6 From Chatbots to Cognitive Collaborators
Yudistira Ashadi's April 3 post framed the Claude Code architecture as evidence of a paradigm shift: from reactive AI — systems that answer when spoken to — to proactive agentic AI that plans, decomposes, executes, and self-evaluates within a set of constraints. A chatbot is a tool. An agentic system is a colleague. It maintains state across a task, anticipates the next step, catches its own mistakes, and can be held accountable for discrete decisions made by discrete agents. Multi-agent architecture makes AI more legible — which is a prerequisite for trust.
In healthcare, this distinction is existential. An agentic clinical reasoning system that misroutes a patient's care pathway — because the Controller encoded the wrong decomposition of "chest pain presenting at 3am" — causes harm through a chain of deterministic decisions, none of which looked wrong in isolation. The legibility of multi-agent architecture is not a luxury. It is a safety property.
✦ Conclusion: The Society of Code
Marvin Minsky would have read the Claude Code analysis with a particular satisfaction — not because he was right about the architecture (he was), but because the engineers arrived at it empirically, without starting from his theory. The Society of Mind is what you get when you try to build a system that actually works across the full complexity of open-ended human tasks. You discover, as Minsky did, that the problem requires a society.

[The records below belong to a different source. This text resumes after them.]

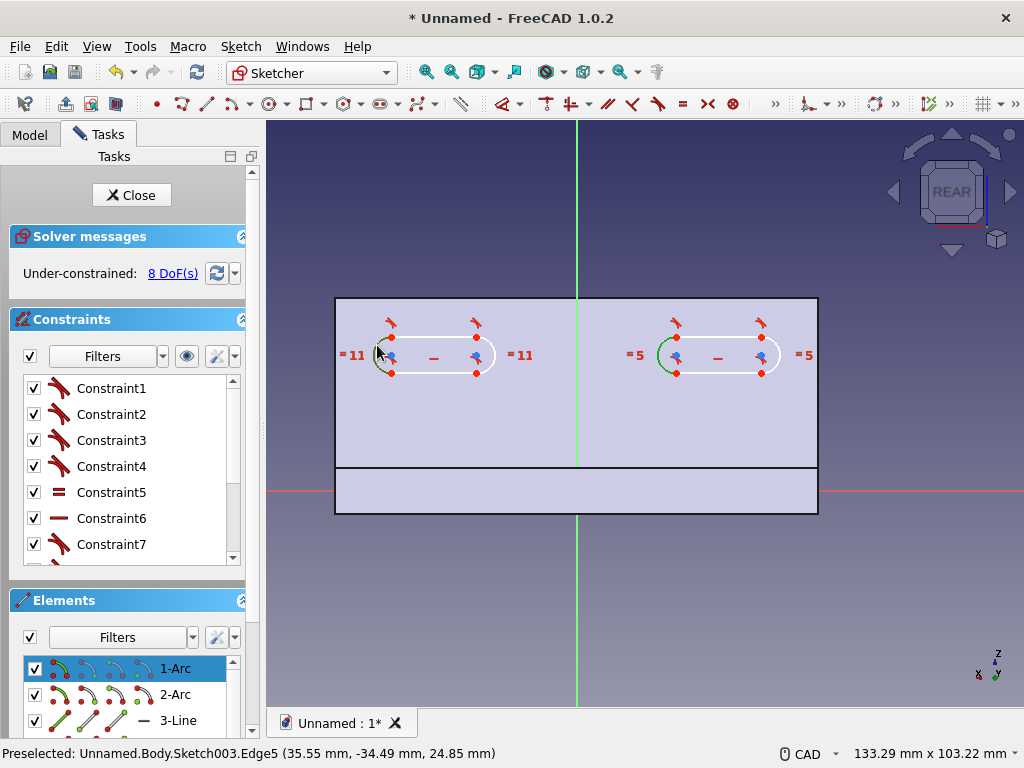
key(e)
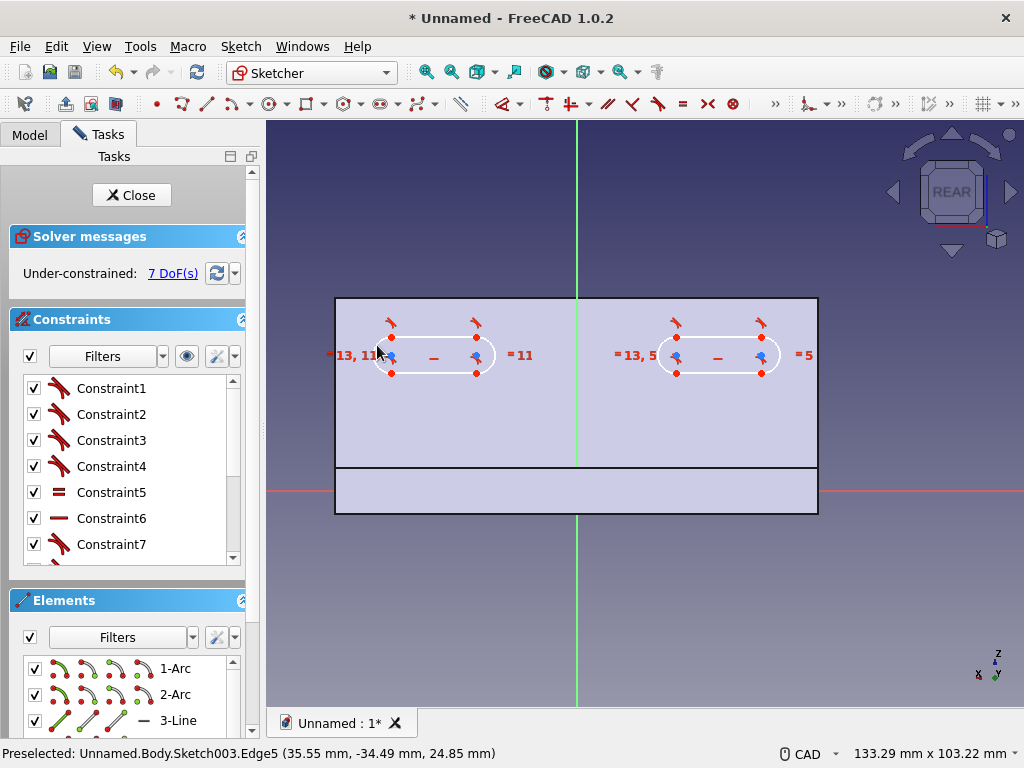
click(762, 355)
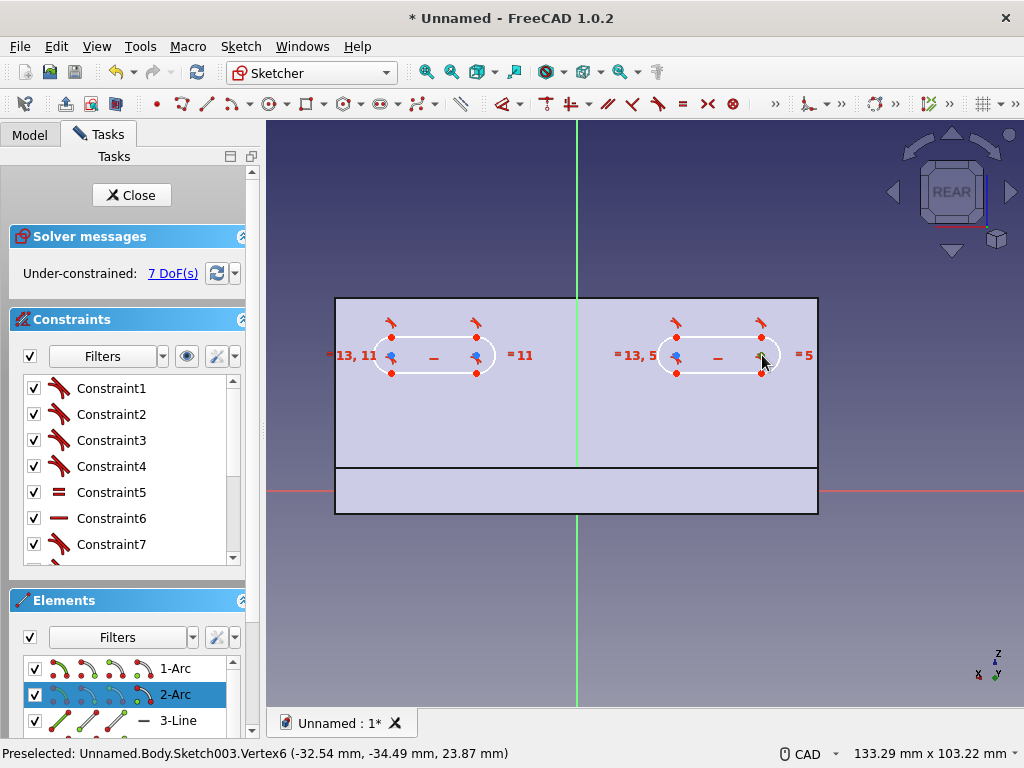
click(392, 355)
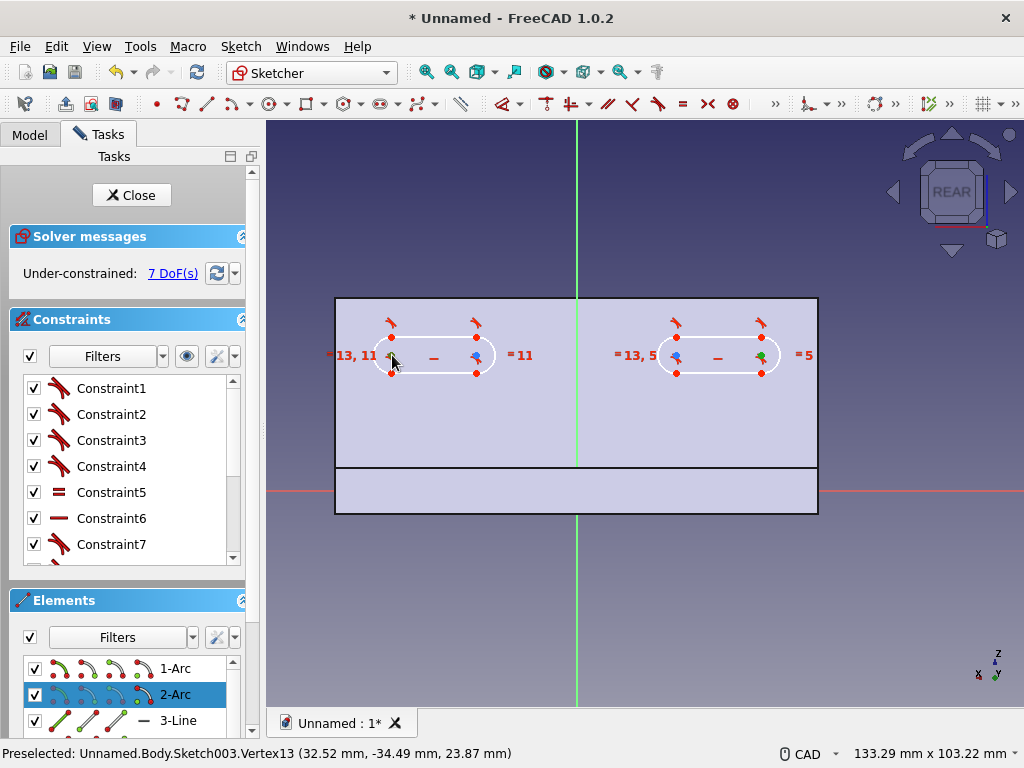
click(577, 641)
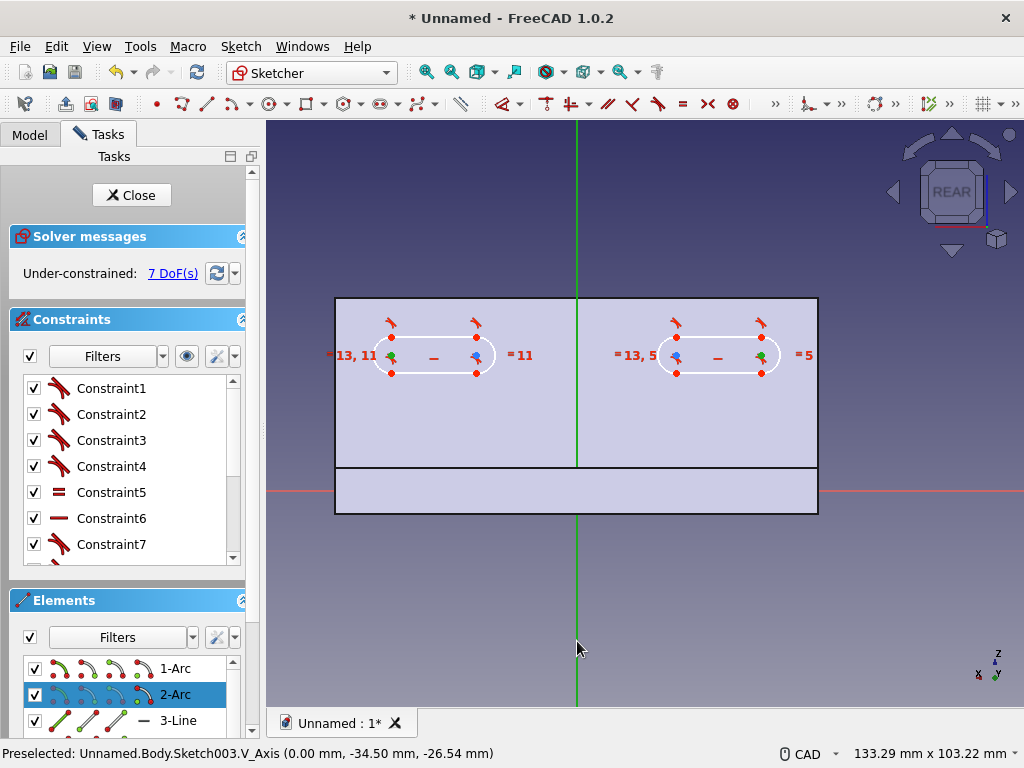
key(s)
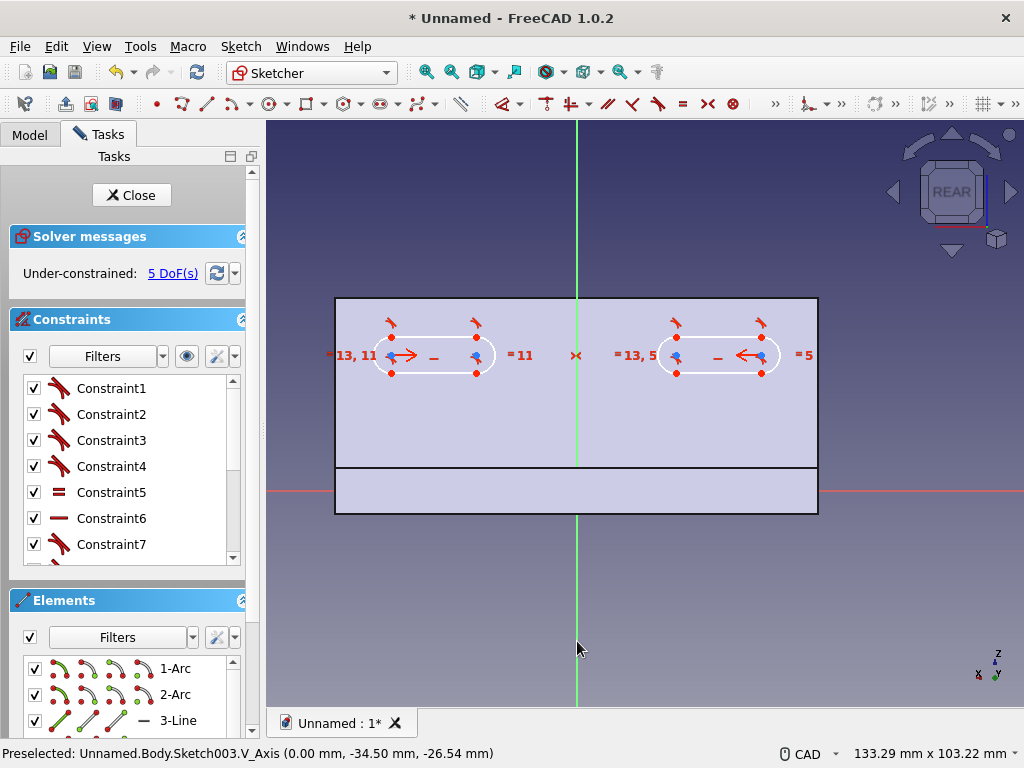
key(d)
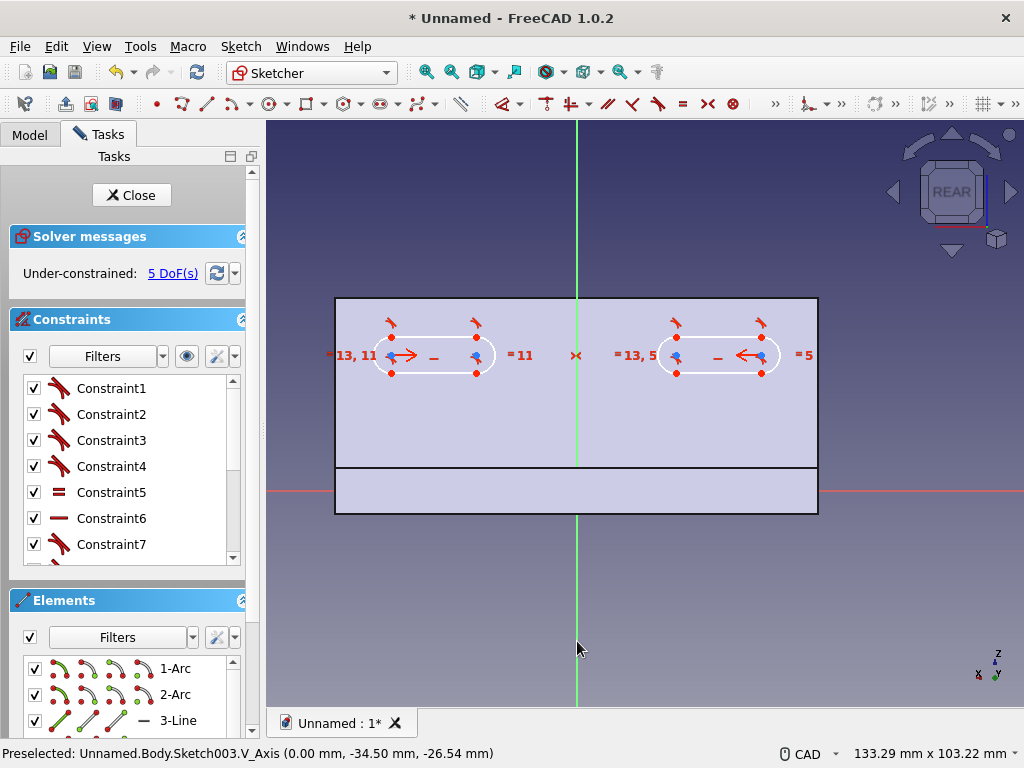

Roger Penrose would read the same analysis with a different satisfaction. He would note that the Controller, Planner, Executor, and Critic are all Turing-computable processes. The system is more sophisticated than any previous AI — but it does not cross the threshold he cares about. Whether it ever can is not a question the leaked codebase answers. It may not be a question any codebase can answer.
- Intelligence, whether biological or artificial, is mostly infrastructure. The insight, the inference, the moment of apparent understanding — possible only because everything around them was engineered to make them possible.
- To build AI well is to take the 98% as seriously as the 2%. To regulate AI well is to understand that most behavior that matters happens in the scaffolding, not the weights.
- We need both Minsky and Penrose. The architect who showed minds can be engineered as societies, and the mathematician who reminded us that cleverness has limits that may be permanent.
- The age of agentic AI has arrived. It was, in the most important sense, predicted in 1986.